DATA TO EXAMINE START

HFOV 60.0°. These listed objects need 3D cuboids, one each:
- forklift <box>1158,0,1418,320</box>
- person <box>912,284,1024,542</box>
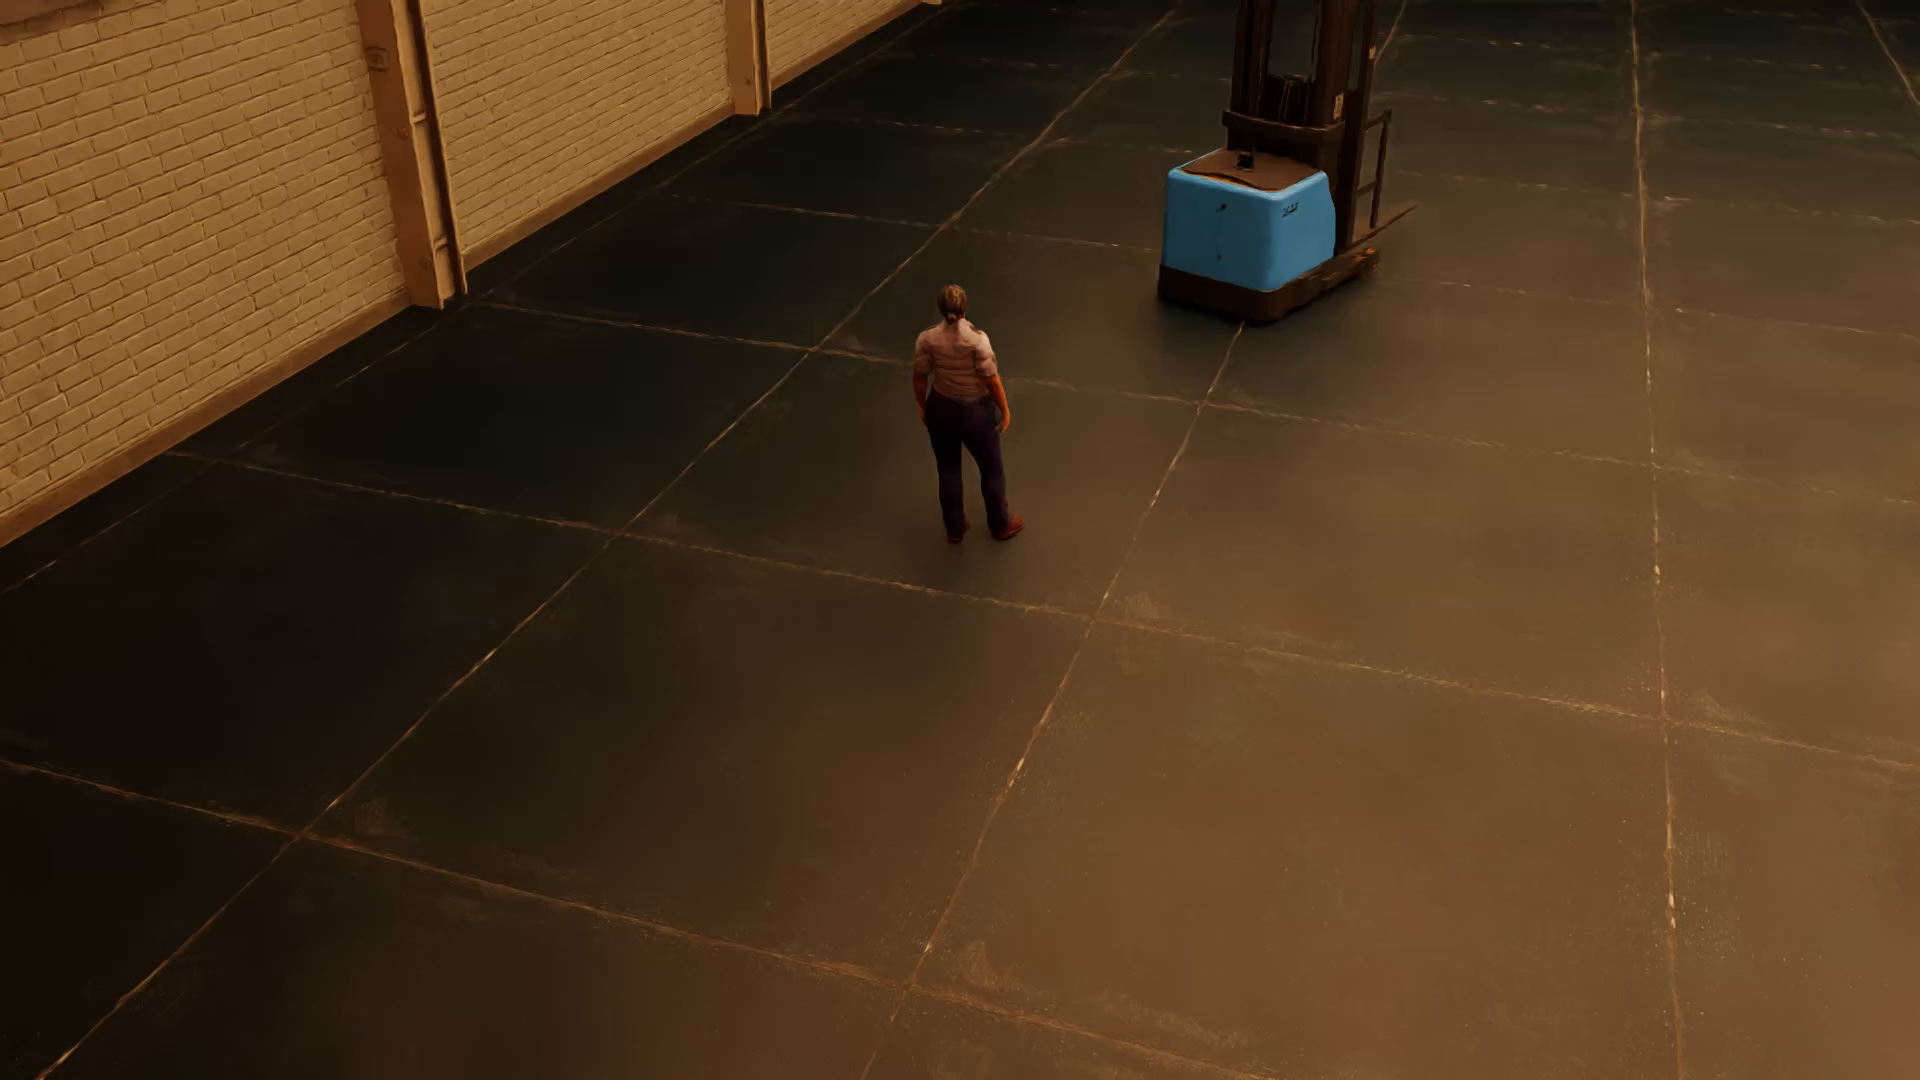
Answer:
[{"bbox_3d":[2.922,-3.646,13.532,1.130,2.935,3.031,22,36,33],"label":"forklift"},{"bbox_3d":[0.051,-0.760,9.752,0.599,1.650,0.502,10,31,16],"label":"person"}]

DATA TO EXAMINE END
DATA TO EXAMINE START

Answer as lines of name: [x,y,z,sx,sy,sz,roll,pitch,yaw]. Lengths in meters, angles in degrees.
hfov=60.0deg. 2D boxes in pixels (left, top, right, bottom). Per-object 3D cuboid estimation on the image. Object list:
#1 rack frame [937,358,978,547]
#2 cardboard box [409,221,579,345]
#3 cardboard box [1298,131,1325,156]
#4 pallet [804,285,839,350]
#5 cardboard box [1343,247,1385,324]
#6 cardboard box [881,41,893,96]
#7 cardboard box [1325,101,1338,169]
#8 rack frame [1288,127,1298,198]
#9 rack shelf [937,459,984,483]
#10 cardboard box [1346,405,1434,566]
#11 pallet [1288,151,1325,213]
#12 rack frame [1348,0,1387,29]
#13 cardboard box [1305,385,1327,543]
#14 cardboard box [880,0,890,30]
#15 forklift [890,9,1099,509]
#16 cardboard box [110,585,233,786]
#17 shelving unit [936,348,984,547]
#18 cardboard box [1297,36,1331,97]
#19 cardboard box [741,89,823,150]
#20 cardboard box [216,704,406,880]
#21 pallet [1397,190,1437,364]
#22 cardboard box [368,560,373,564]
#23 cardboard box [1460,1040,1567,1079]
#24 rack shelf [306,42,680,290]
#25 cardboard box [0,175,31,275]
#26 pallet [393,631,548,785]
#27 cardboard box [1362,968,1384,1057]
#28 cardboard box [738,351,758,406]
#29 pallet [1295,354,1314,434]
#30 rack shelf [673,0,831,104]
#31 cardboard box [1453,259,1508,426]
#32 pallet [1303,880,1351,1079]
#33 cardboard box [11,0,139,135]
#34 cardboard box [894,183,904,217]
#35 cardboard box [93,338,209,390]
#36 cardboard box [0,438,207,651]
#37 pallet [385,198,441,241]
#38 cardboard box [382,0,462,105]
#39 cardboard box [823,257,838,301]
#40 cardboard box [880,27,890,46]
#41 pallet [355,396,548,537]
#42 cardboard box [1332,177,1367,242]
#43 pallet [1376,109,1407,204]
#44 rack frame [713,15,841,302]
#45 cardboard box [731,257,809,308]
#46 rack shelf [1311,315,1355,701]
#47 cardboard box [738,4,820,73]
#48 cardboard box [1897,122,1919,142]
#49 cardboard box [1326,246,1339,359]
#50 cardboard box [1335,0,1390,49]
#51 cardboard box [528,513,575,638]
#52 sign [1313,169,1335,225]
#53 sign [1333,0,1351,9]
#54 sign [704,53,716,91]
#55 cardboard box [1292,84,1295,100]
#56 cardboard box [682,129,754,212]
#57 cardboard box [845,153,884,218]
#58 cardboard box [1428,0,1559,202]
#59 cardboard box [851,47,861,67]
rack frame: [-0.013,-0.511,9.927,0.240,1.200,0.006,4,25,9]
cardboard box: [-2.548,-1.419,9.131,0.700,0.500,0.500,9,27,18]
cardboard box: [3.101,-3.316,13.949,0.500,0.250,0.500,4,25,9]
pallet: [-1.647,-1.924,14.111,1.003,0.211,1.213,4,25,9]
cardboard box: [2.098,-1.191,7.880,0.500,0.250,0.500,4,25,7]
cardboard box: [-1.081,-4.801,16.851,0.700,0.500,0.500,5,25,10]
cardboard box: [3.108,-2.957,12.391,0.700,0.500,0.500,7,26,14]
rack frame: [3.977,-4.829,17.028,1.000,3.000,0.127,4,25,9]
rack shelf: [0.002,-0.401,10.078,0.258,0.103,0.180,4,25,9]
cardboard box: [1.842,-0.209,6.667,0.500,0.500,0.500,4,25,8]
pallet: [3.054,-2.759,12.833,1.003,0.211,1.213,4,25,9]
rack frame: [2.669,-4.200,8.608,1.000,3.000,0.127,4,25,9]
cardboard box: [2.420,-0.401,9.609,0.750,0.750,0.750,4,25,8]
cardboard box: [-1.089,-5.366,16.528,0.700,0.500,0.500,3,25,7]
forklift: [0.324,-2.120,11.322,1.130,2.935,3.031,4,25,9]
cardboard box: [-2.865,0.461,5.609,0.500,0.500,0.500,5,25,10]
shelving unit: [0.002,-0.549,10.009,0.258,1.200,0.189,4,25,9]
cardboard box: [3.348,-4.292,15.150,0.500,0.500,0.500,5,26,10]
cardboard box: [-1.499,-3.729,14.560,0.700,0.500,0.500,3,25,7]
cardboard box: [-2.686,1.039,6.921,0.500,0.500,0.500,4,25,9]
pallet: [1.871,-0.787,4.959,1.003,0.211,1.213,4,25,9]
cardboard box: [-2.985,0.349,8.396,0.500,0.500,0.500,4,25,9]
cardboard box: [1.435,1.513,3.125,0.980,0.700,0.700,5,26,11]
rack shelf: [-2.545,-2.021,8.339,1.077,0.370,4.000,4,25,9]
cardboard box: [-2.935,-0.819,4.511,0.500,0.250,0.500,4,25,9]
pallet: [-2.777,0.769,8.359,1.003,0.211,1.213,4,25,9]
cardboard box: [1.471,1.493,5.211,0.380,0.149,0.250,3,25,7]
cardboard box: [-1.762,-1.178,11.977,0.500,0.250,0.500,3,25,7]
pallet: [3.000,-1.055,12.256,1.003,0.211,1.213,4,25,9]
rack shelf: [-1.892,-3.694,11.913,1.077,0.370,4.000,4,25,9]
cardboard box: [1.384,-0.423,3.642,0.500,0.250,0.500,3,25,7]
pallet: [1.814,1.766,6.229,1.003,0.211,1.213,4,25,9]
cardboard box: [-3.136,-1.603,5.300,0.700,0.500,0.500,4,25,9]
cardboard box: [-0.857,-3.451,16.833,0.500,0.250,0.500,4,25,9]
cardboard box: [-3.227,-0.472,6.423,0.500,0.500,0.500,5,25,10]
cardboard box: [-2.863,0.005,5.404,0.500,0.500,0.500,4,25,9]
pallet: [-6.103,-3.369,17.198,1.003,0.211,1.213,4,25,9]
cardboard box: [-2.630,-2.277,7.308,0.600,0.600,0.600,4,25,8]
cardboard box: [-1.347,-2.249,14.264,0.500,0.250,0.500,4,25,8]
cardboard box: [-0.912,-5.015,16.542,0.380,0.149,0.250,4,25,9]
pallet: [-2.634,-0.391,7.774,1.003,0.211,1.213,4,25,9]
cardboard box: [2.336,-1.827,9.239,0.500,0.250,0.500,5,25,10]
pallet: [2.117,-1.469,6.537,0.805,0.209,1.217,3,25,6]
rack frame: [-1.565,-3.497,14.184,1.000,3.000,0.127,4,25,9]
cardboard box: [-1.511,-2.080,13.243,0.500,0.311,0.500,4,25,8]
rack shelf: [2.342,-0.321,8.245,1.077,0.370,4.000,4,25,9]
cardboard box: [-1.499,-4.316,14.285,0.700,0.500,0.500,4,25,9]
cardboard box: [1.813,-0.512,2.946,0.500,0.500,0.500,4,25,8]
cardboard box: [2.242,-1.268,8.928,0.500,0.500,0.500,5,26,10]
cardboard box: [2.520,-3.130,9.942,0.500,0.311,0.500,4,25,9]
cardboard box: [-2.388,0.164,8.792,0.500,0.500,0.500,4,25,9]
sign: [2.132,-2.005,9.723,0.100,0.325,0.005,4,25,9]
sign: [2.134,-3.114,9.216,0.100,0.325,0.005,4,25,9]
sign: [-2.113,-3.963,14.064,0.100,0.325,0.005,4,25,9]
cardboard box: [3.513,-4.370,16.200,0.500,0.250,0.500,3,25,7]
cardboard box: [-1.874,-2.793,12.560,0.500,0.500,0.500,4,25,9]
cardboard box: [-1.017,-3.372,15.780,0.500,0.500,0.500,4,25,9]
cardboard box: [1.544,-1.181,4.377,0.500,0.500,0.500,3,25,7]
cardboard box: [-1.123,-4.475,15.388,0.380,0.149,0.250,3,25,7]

DATA TO EXAMINE END

◆ WHAT THE EXERCISE ASKS ◆
Extract from the records above the lines from the one containing "#48 cardboard box [1897,122,1919,142]" to the one containing "#58 cardboard box [1428,0,1559,202]", both lines included, exactly as they appear and with nothing else.

◆ ANSWER TO THE PROBLEM ◆
#48 cardboard box [1897,122,1919,142]
#49 cardboard box [1326,246,1339,359]
#50 cardboard box [1335,0,1390,49]
#51 cardboard box [528,513,575,638]
#52 sign [1313,169,1335,225]
#53 sign [1333,0,1351,9]
#54 sign [704,53,716,91]
#55 cardboard box [1292,84,1295,100]
#56 cardboard box [682,129,754,212]
#57 cardboard box [845,153,884,218]
#58 cardboard box [1428,0,1559,202]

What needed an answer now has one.